The cold gas produced in the evaporator mixes with that from the expansion valve and passes to the inlet of the compressor where the whole process is repeated. Thus the primary refrigerant is recycled. Since the main duty of the refrigeration system is to create cooling in the expansion/evaporator section, the cold gas is kept as cold as possible as it passes to the compressor.

As it is at a temperature below that of its surroundings, the pipe-work is usually lagged to prevent loss of the cold by the addition of heat from a part of the surroundings that does not require cooling. It is also usual to lag all parts of the expansion/evaporator section that are exposed to higher temperature material that does not require cooling. For example, a domestic fridge has lagging in the sides, top and bottom to keep the whole of the fridge from gaining heat from the kitchen, but the icebox is not lagged allowing the 'cold' to spread from the box through to all internal parts of the fridge.

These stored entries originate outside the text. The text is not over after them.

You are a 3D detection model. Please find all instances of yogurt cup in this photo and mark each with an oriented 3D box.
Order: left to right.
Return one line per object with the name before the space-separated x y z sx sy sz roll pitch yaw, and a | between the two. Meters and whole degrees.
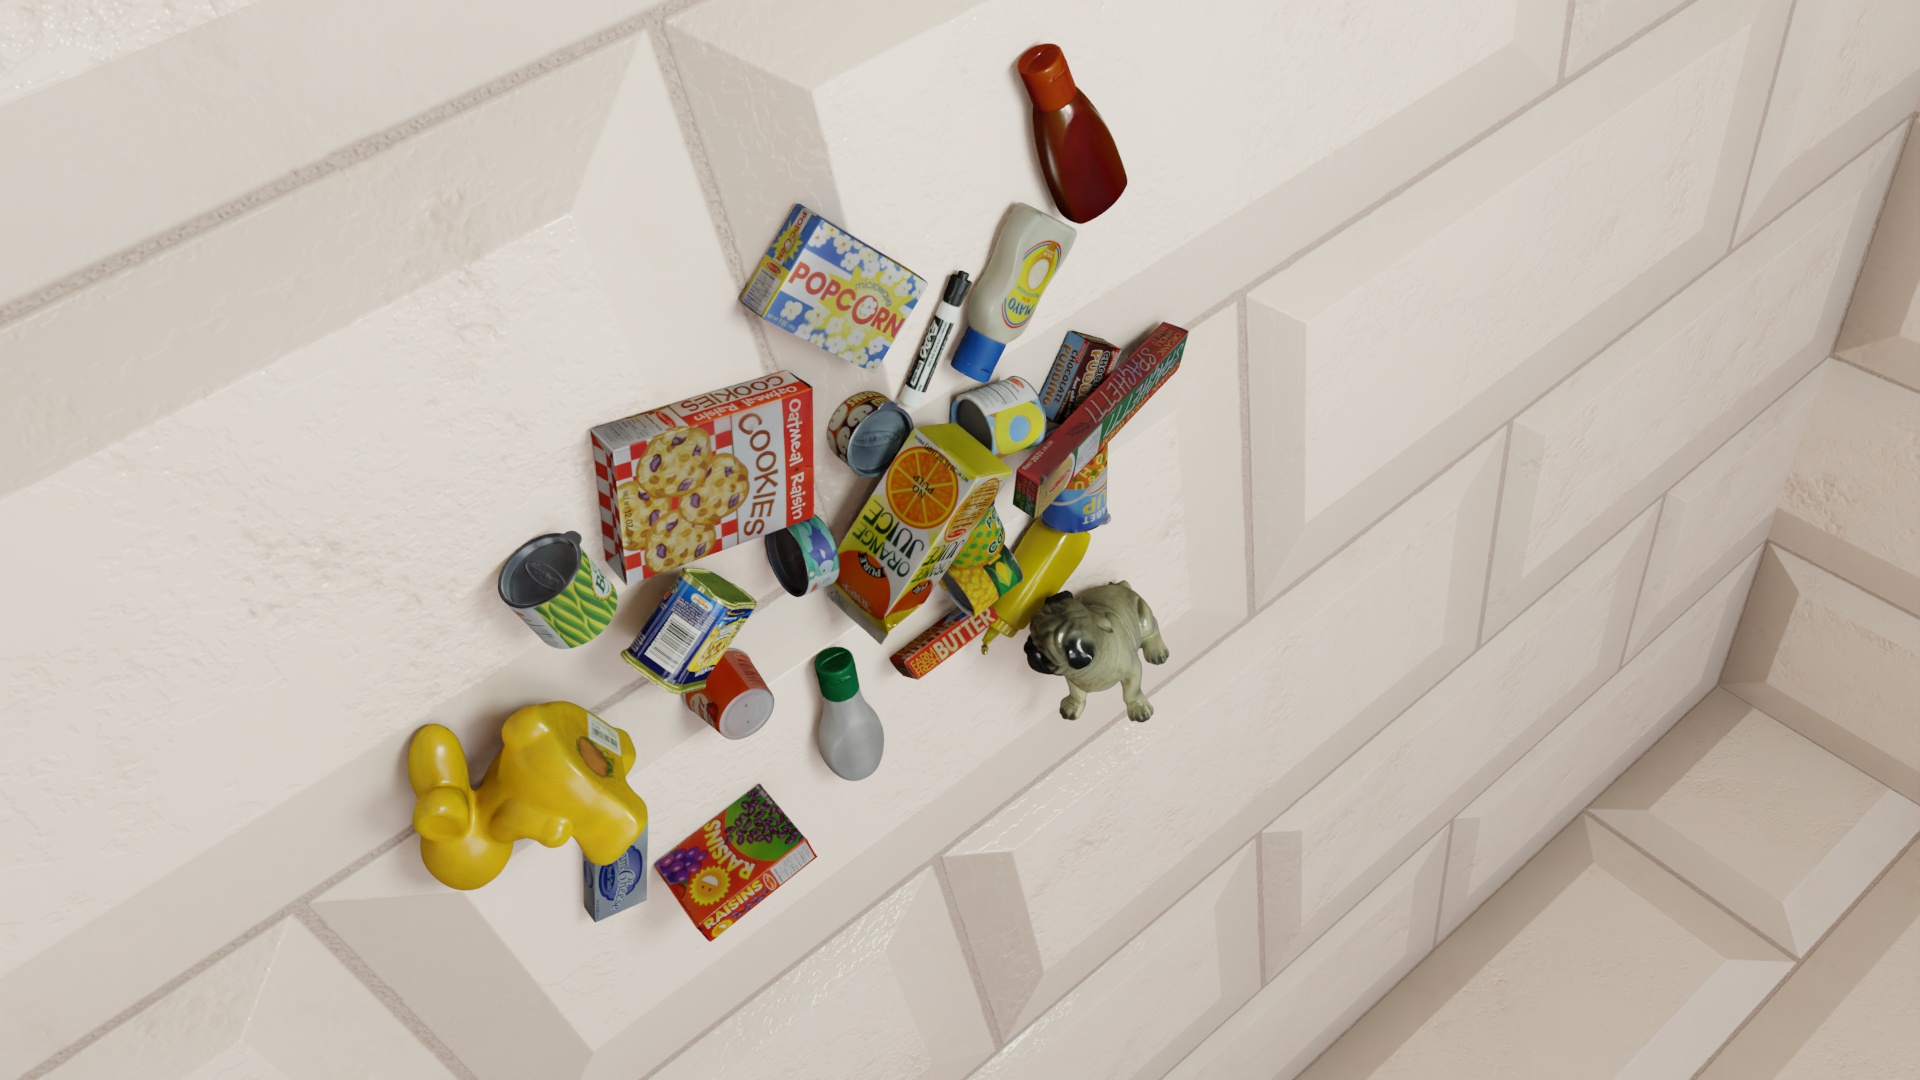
yogurt cup | -0.196 0.134 1.193 0.073 0.054 0.072 -26 135 -28

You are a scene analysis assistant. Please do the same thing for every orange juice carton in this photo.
orange juice carton | -0.045 -0.003 1.189 0.192 0.072 0.073 -56 162 21

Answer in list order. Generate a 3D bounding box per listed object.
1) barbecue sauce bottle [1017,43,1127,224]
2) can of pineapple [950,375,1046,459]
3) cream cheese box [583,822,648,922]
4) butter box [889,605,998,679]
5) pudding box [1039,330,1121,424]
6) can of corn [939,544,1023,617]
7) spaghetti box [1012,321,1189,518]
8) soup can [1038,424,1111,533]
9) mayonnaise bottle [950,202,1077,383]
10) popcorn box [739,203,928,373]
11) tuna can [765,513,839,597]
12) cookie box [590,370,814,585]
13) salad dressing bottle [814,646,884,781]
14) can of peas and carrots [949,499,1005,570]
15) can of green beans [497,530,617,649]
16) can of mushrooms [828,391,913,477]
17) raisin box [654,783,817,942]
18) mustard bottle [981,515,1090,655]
barbecue sauce bottle | 0.087 -0.327 1.112 0.065 0.044 0.148 -44 140 -9
can of pineapple | 0.033 -0.103 1.216 0.058 0.071 0.070 -22 133 -29
cream cheese box | -0.306 0.286 1.232 0.053 0.024 0.103 -18 131 -35
butter box | -0.016 0.094 1.334 0.104 0.053 0.024 -36 101 -17
pudding box | 0.108 -0.148 1.282 0.050 0.030 0.083 5 116 -47
can of corn | 0.015 0.028 1.302 0.058 0.071 0.071 -37 139 -15
spaghetti box | 0.131 -0.115 1.273 0.251 0.029 0.050 -46 157 -31
soup can | 0.110 -0.059 1.321 0.071 0.071 0.083 -27 135 -26
mayonnaise bottle | 0.040 -0.205 1.164 0.065 0.041 0.147 11 111 -49
popcorn box | -0.094 -0.189 1.051 0.126 0.038 0.085 21 103 -50
tuna can | -0.132 0.009 1.150 0.033 0.071 0.070 -22 133 -32
cookie box | -0.192 -0.049 1.065 0.168 0.040 0.122 -22 133 -31
salad dressing bottle | -0.108 0.164 1.310 0.064 0.044 0.146 -28 135 -23
can of peas and carrots | 0.004 -0.016 1.255 0.071 0.071 0.058 -40 141 -12
can of green beans | -0.293 0.038 1.016 0.071 0.071 0.057 -40 140 -12
can of mushrooms | -0.074 -0.090 1.151 0.071 0.033 0.070 -24 134 -28
raisin box | -0.208 0.297 1.283 0.124 0.086 0.040 -37 141 -16
mustard bottle | 0.064 0.046 1.375 0.160 0.049 0.065 -54 147 5

Note: the icebox in a domestic fridge is cold enough to freeze water but the main part of the fridge will not. This is because the icebox is the coldest part due to the evaporation taking place there, whilst this 'cold' has to spread through the rest of the fridge. Compare this to a combustion chamber in a heating system, this is the hottest part of the system. The greater the distance from the heat source, the lower the system temperature becomes.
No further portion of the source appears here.